Possible cliché d’une paire d’yeux luminescents d’un yowie

Partageant avec l’homme les mêmes biotopes, condamnés par là à une coexistence menaçante, les hominoïdes n’auraient-ils pas été contraints, un jour, à basculer dans une autre catégorie temporelle que celle qui leur était naturelle, pour se créer une certaine marge de sécurité contre leur terrifiant cousin ? Sans hasarder des parallèles pouvant s’avérer superficiels, n’est-il pas curieux que les petits primates inférieurs mènent une existence nocturne uniquement dans les régions habitées par des primates supérieurs, restant diurnes s’ils sont dispensés de ce voisinage ?

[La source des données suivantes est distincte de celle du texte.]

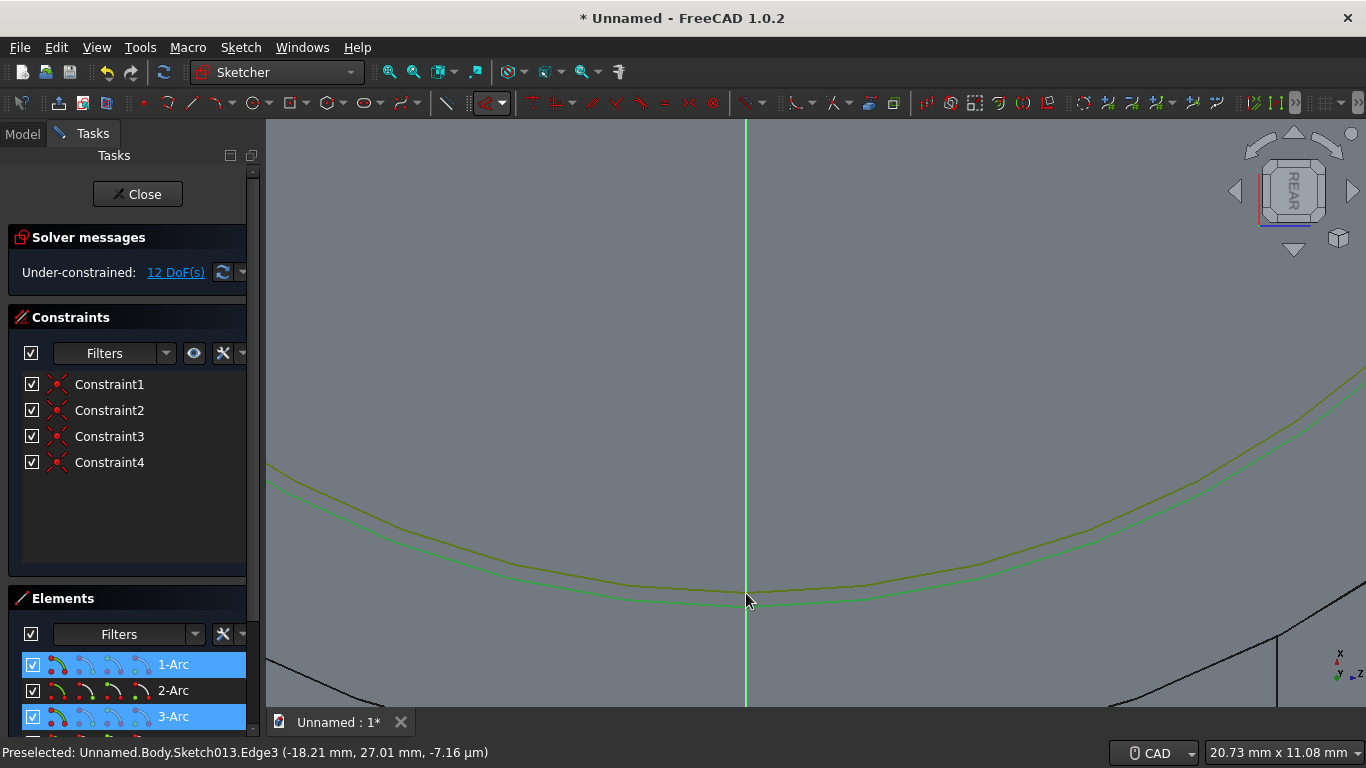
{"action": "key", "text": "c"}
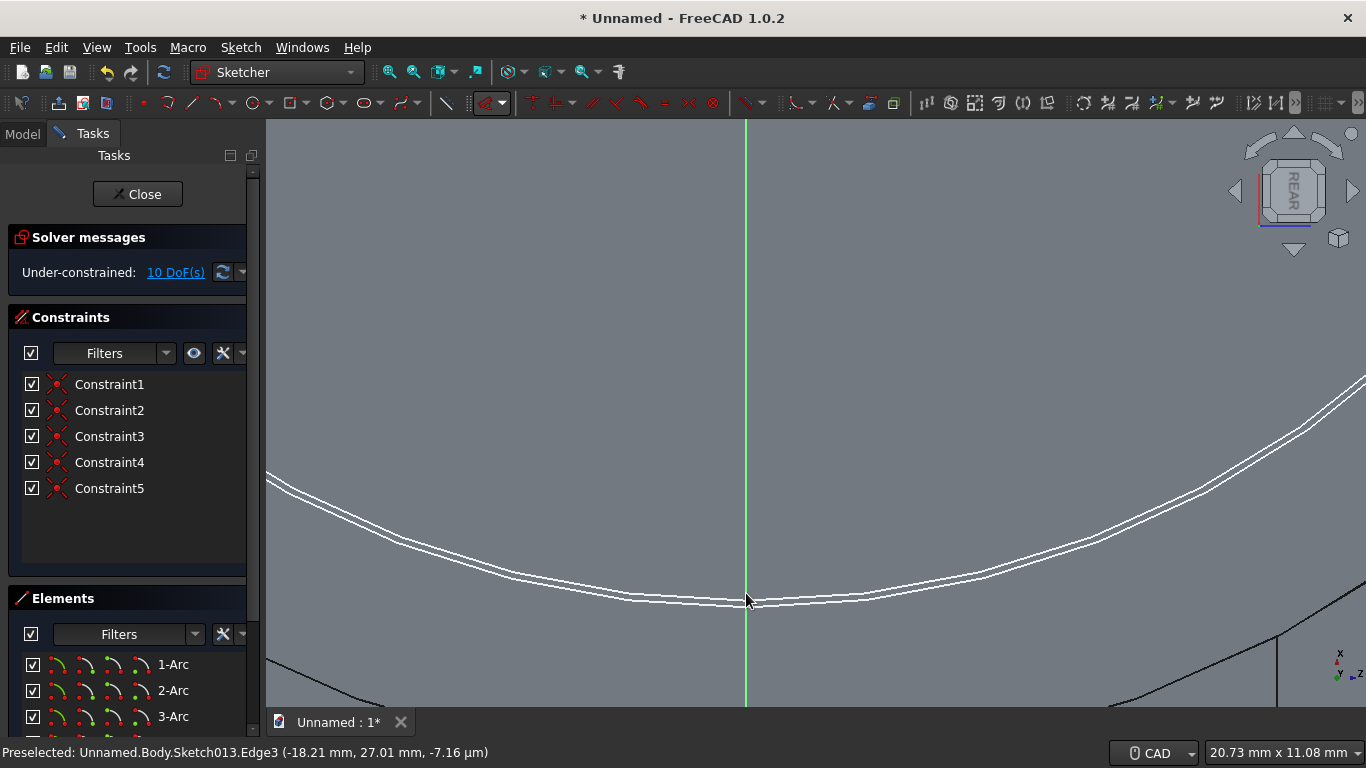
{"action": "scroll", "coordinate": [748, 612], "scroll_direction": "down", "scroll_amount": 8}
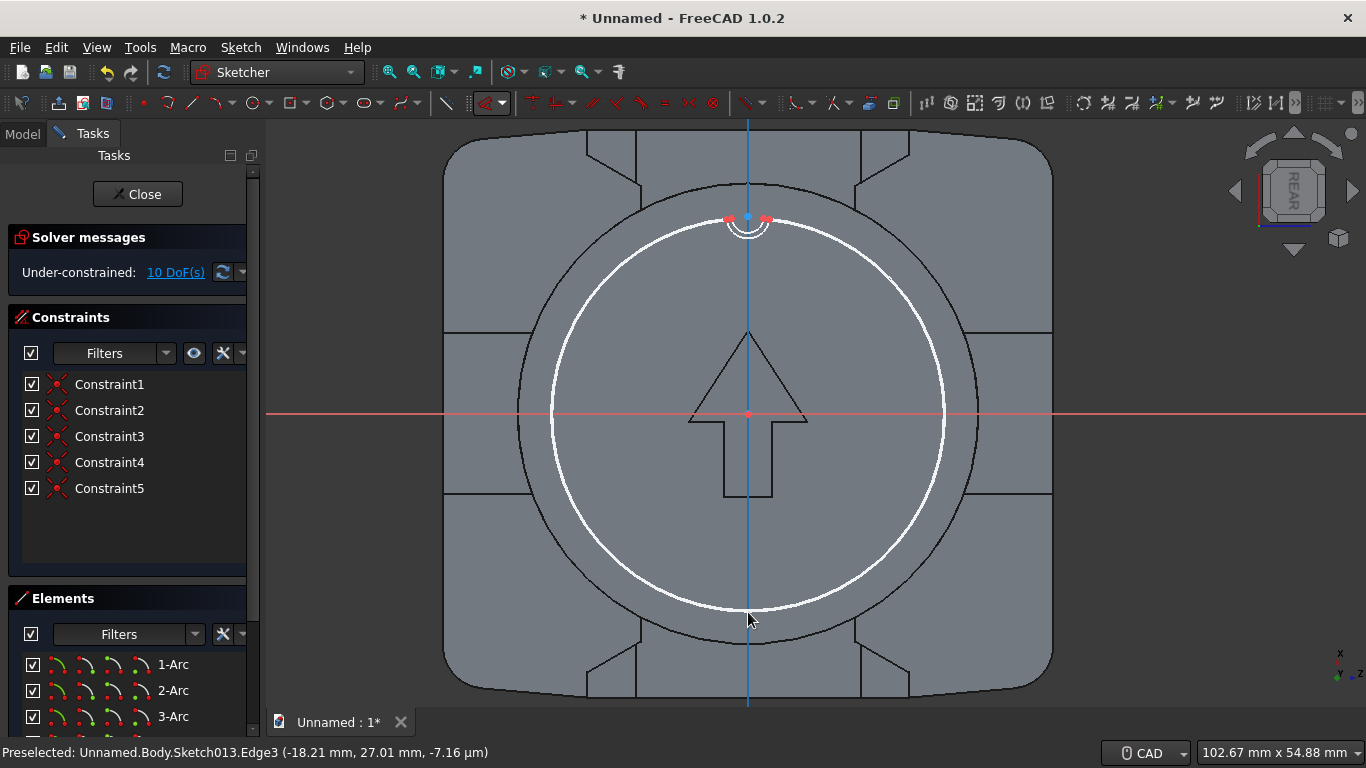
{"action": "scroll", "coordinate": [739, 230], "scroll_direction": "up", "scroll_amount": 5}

Christian Emmanuel Hoppius: Anthropomorpha. In: Amoenitates Academicae. Band 6, Stockholm, 1763

En guise de conclusion sur son étude de la vision nocturne de l’almasty Marie-Jeanne Koffmann cite une traduction russe du Systema naturae de Linné, publiée en 1760, puis retrouvée par Dmitri Bayanov en 1965 :

Troglodytes Homo nocturnus « Ces fils des ténèbres, qui ont échangé le jour contre la nuit et la nuit contre le jour, me semblent plus proches de nous [ndlr : que les autres anthropoïdes]. Ils sont connus par leur nom depuis les temps de Pline. Ils marchent sur deux jambes, comme nous. Ils se cachent le jour dans les cavernes. La nuit, ils voient distinctement. C’est dans l’obscurité qu’ils assurent leurs besoins, volant aux hommes ce qui leur tombe sous la main. Ils n’ont ni langue propre, ni même parole ».